Déjà avertis il y a deux semaines face à Gdynia, puis punis à Berlin, les Bourguignons ont cette fois-ci failli dans les grandes largeurs, car en plus d’être dominés dans le jeu, bon nombre de joueurs, à commencer par leur leader Blake Schilb, ont fait preuve d’une grande suffisance, voire même de je-m’en-foutisme. Cette incroyable tentative d’alley-oop à -21 en étant la preuve.

Rien de plus agaçant quand on sait que cette équipe, favorite à sa propre succession, a pu bénéficier du coup de pouce de la Ligue au moment de renforcer son effectif, de façon justement à éviter pareilles déroutes. Car si l’on savait que la bande à Steed Tchicamboud n’avait que très peu de chance de faire chuter le Club Nation, un tel affront vient rappeler les terribles Caja Laboral – SLUC Nancy de 2011 (-35) et Chorale de Roanne – Panathinaikos de 2007 (- 40).

Quoi de plus navrant, aussi, quand on sait que le match était mis en lumière par l’Euroleague, cette même ligue qui, depuis plusieurs années, et vraisemblablement à juste titre, boycotte notre championnat hexagonal au profit de la Bundesliga ou de cet infâme Asseco Prokom.

A l’heure où la participation des clubs français à la plus grande des compétitions européennes est remise en cause, il serait donc bon de ne pas savonner un peu plus une pente déjà très glissante.

Le Final Four de l’ASVEL en 1997 semble loin. La victoire de Limoges encore plus.

Quid du jeu ?

Outre le constat alarmant sur l’état d’esprit de certains joueurs – les jeunes mis à part –, le style de jeu pratiqué en Pro A est, encore une fois, à remettre en cause. Battus tactiquement et techniquement, les Français, habitués au « plus vite, plus haut, plus fort » prôné depuis plusieurs années, se sont aussi faire battre sur leur propre terrain.

Il n’y a qu’à observer les prestations de David Logan et Yogev Ohayon, deux joueurs dont les principales qualités se rapprochent des standards exigés dans notre élite (toute proportion gardée).
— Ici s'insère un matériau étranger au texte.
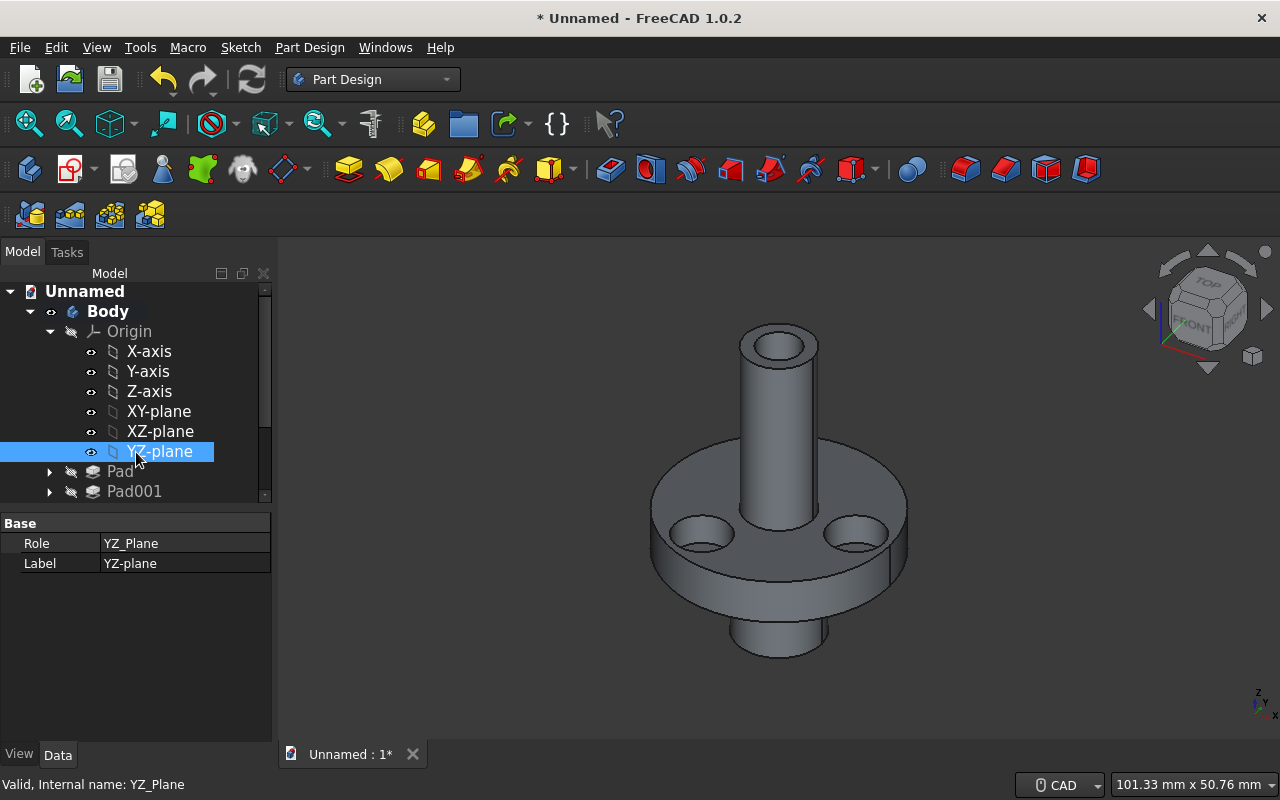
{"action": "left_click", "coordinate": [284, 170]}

Mais le plus inquiétant vient assurément de cette incapacité chronique à trouver Shelden Williams. Venu justement pour aider Greg Beugnot et ses hommes à franchir un palier, l’ancien NBAer n’est cherché que trop sporadiquement par ses coéquipiers. En effet, trop souvent, celui-ci ne rentre quelques paniers qu’à la suite de rebonds offensifs, qu’il a lui-même capté grâce à ses indéniables qualités dans ce domaine.

Qui plus est détenteur de bonnes mains à mi-distance, le beau-frère d’Anthony Parker demeure une option vite oubliée après un ou deux échecs. Frustrant, pour ne pas dire plus, quand on connait l’importance du poste 5 à un tel niveau. Pour preuve, jamais l’Elan n’a autant fait jeu égal avec le Maccabi qu’au moment où Williams et Lauvergne étaient responsabilisés.
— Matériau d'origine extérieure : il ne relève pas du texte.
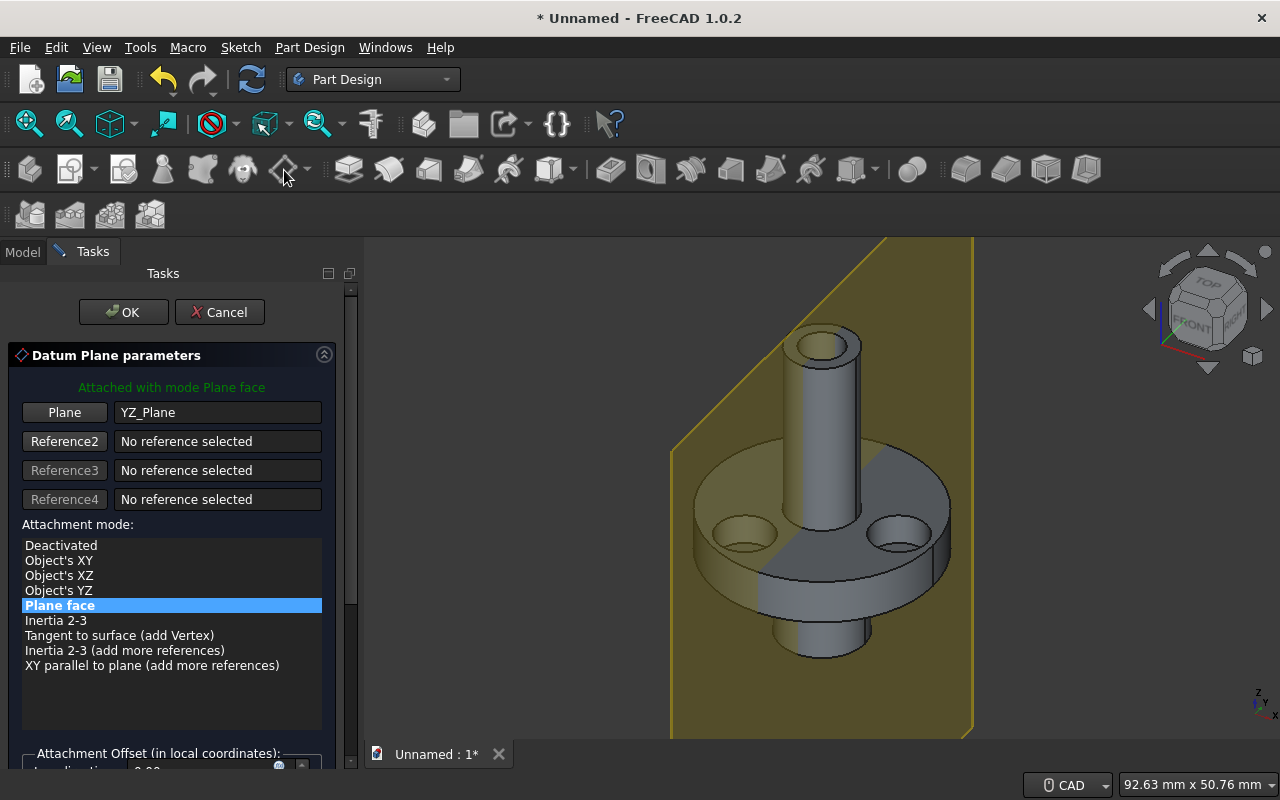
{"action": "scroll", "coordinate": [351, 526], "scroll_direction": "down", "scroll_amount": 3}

Un bon niveau au-dessus de la plupart de ses adversaires en Pro A, le collectif de Greg Beugnot gagnerait à directement envoyer la balle dans la boite avant de dérouler ses systèmes qui, à l’heure actuelle, semblent vus et revus.

Il est vrai peu épargné par les blessures lors de la préparation, il serait donc temps d’impliquer le pivot courtisé par le Real Madrid cet été. Une solution qui permettrait de faire souffler Schilb et Tchicamboud, tous deux contraints de jouer plus de 30 minutes par match depuis la reprise…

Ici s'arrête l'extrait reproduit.